LAKE OCONEE —
Everyone experiences anxiety and stress, n'est pas? The brain is a reactive organ that is wired to respond to a particular situation in a certain manner. Not every person responds in the same manner. I invite you to take the following anxiety inventory, peruse the five “Response Reflexes”, and then decide how much stress you have and how you typically react to it. Once you have that information you can work on modifying the reflex that is unhealthy for you.
Answer the following statements with: a) Almost never b) Rarely c) Sometimes d) Quite often e) Most of the time.
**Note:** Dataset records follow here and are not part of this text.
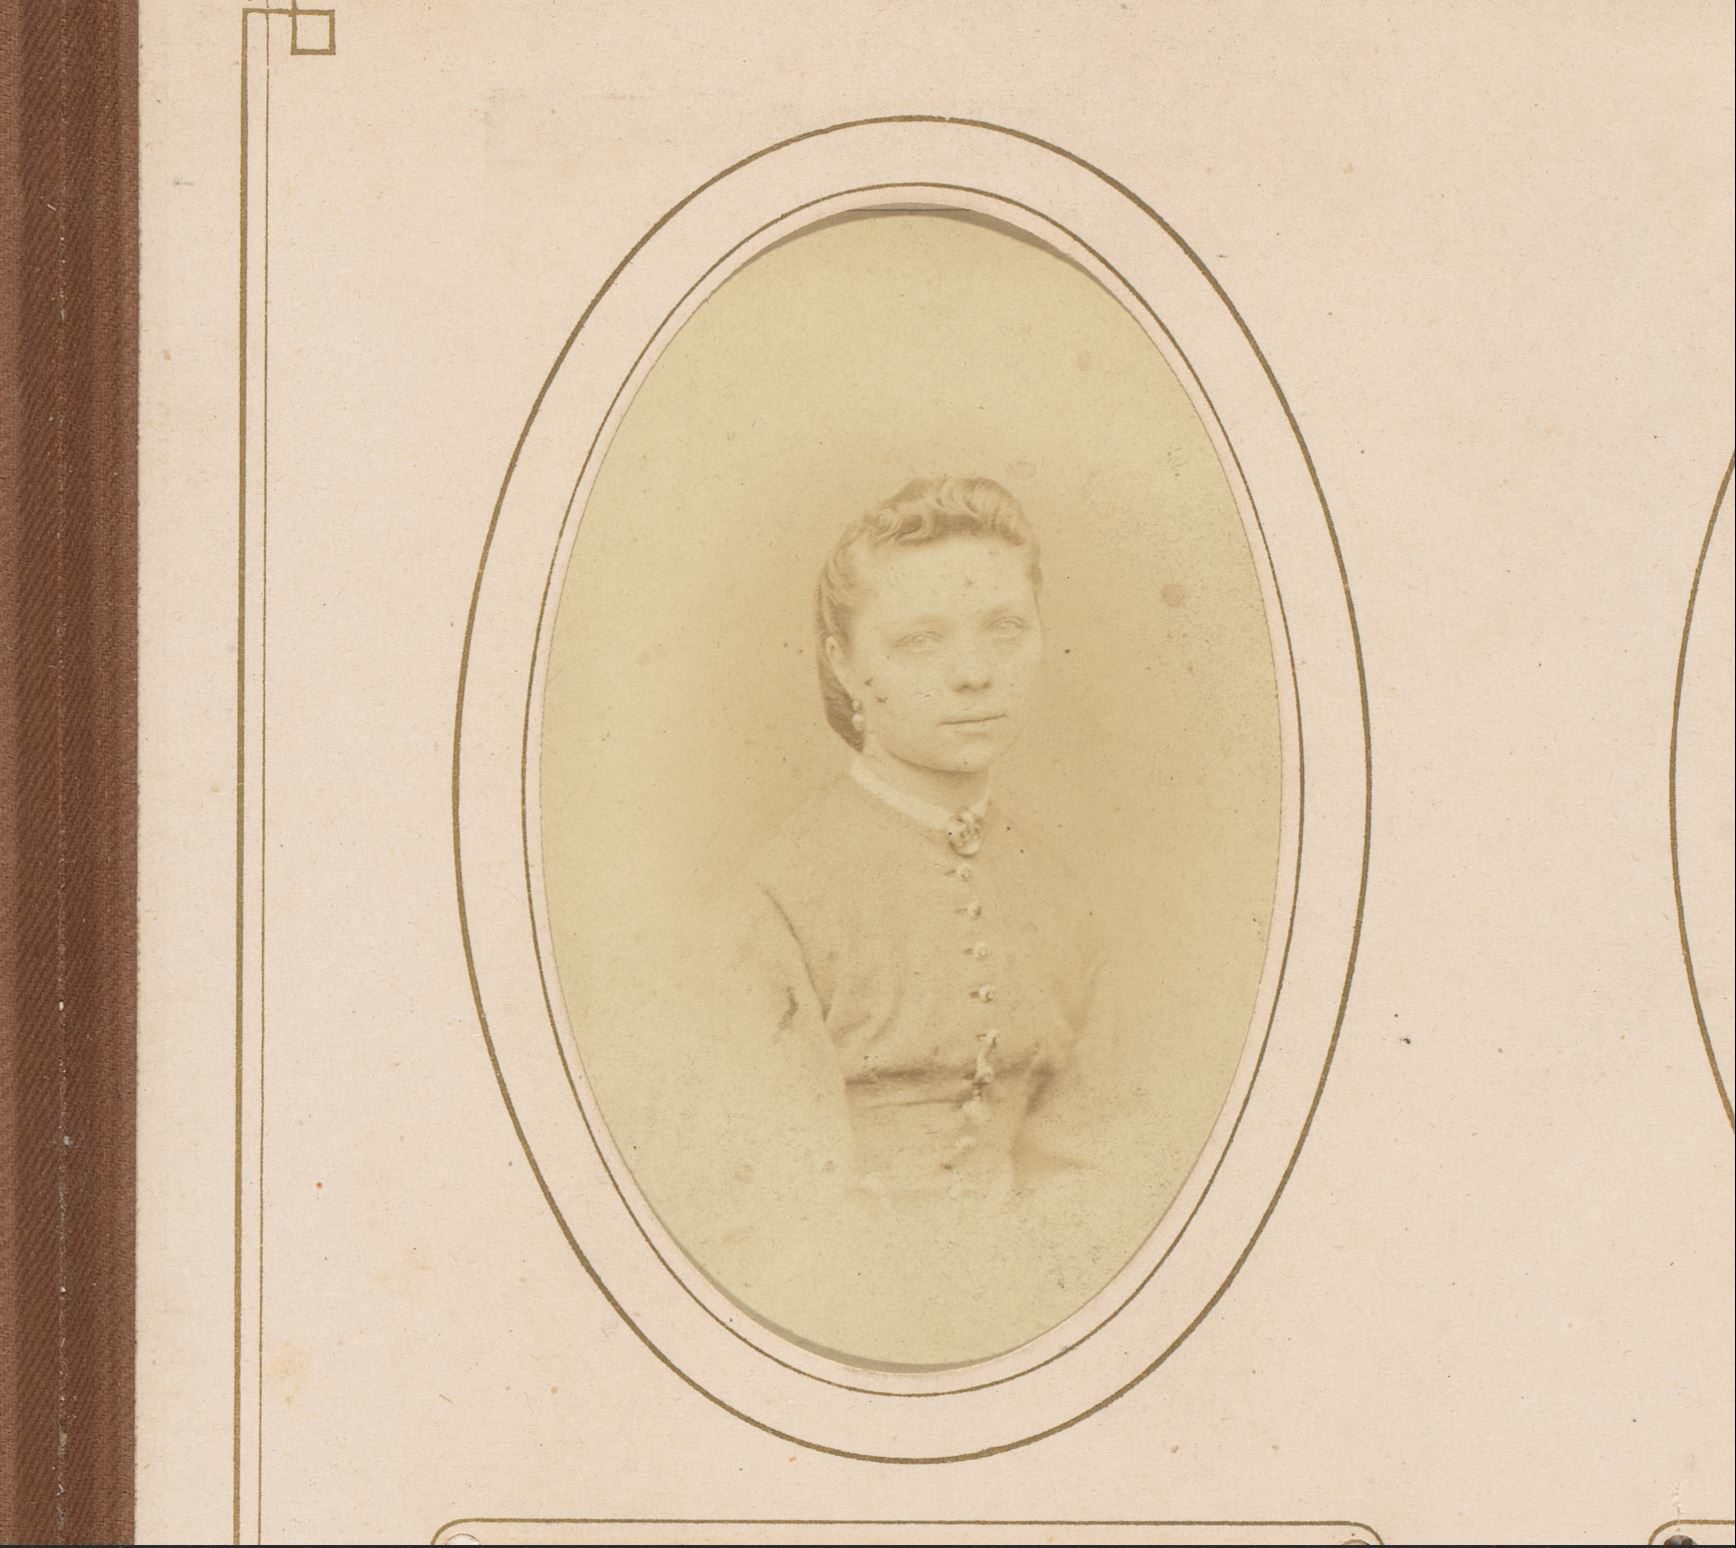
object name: photograph
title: Portret van jonge vrouw
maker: albert greiner
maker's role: fotograaf, fotostudio
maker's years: 1833-1890
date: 1861-1874
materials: cardboard, photographic support
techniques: albumen print
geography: amsterdam
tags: adolescent, young woman, maiden
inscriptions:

Your responses will give you some feedback about the amount of stress you have.
1. I feel tired 2. I fall asleep easily 3. Before I go to sleep, my mind wanders and I think about all the troubles and worries I have 4. I feel calm and relaxed 5. I avoid dealing with difficulties 6. I am satisfied with my life 7. I worry about things that aren't worth it. 8. I feel like crying. 9. I feel good about myself. 10. I don't worry about things that I cannot change . 11. I feel tense. 12. I am patient. 13. I feel secure. 14. I wish I could be as happy as people around me. 15. My mood and behavior are stable. 16. I have diarrhea, constipation, or other digestive problems. 17. I can concentrate well on what I am doing. 18. I am afraid of what awaits me in the future. 19. People around me think I am irritable. 20. I feel OK physically. 21. I have palpitations, pounding heart, or accelerated heart rate. 22. I feel I am in control of my body and mind. 23. I feel futile. 24. I feel edgy and restless. 25. I am decisive. 26 I sweat more than other people. 27. I have ordinary, nice dreams without nightmares. 28. My worries are overwhelming. 29. It's easy for me to get rid of unpleasant thoughts and worries. 30. When I finish a task, I feel well and relaxed.
Now that you have a sense of your overall stresses and anxieties in your life I invite you to look at your typical “reflex” style in reaction to them. Kenneth R. Pelletier, Ph.D., clinical professor of medicine at the University of Arizona, says that “your reflexes don't always help you and in the long run they may make manners worse. Sometimes the way we cope with stress is worse than the condition causing it”.
Here are some typical stress reflexes:
1.“I blow my top”: When under stress I snap at others, feel impatient, become belligerent and agitated.
2.“I can't stop eating”: a) Overdose of bread and pasta. b) Crave potato chips and chocolate. c) Polish off a box of cookies.
3. “I bottle it up”: a) Cool and calm but only on the outside. b) Quick to deny the pressure you're under. c) Likely to ignore physical signs of stress.
4. “I become a nervous wreck”: a) Find yourself chewing your cuticles or fidgeting. b) Sleepless night worrying. c) Feel jittery and close to tears.
5. “I take risks”: a) Smoking or drink more. b) Get bored easily and seek constant change. c) I act impulsively and regret decisions later.
Have you found your typical “reflex style” to stress? That is a good and important starting point. Once you understand your “reflex style” you may want to modify it. It is difficult to actually change it, however, because it is deeply wired into your brain by a combination of genetics and personal experience. Still, it is worth the effort to do whatever you are capable of to bring forth a healthier and more functional approach to your inherent stress.
Hope this has been helpful — and not added to your stress!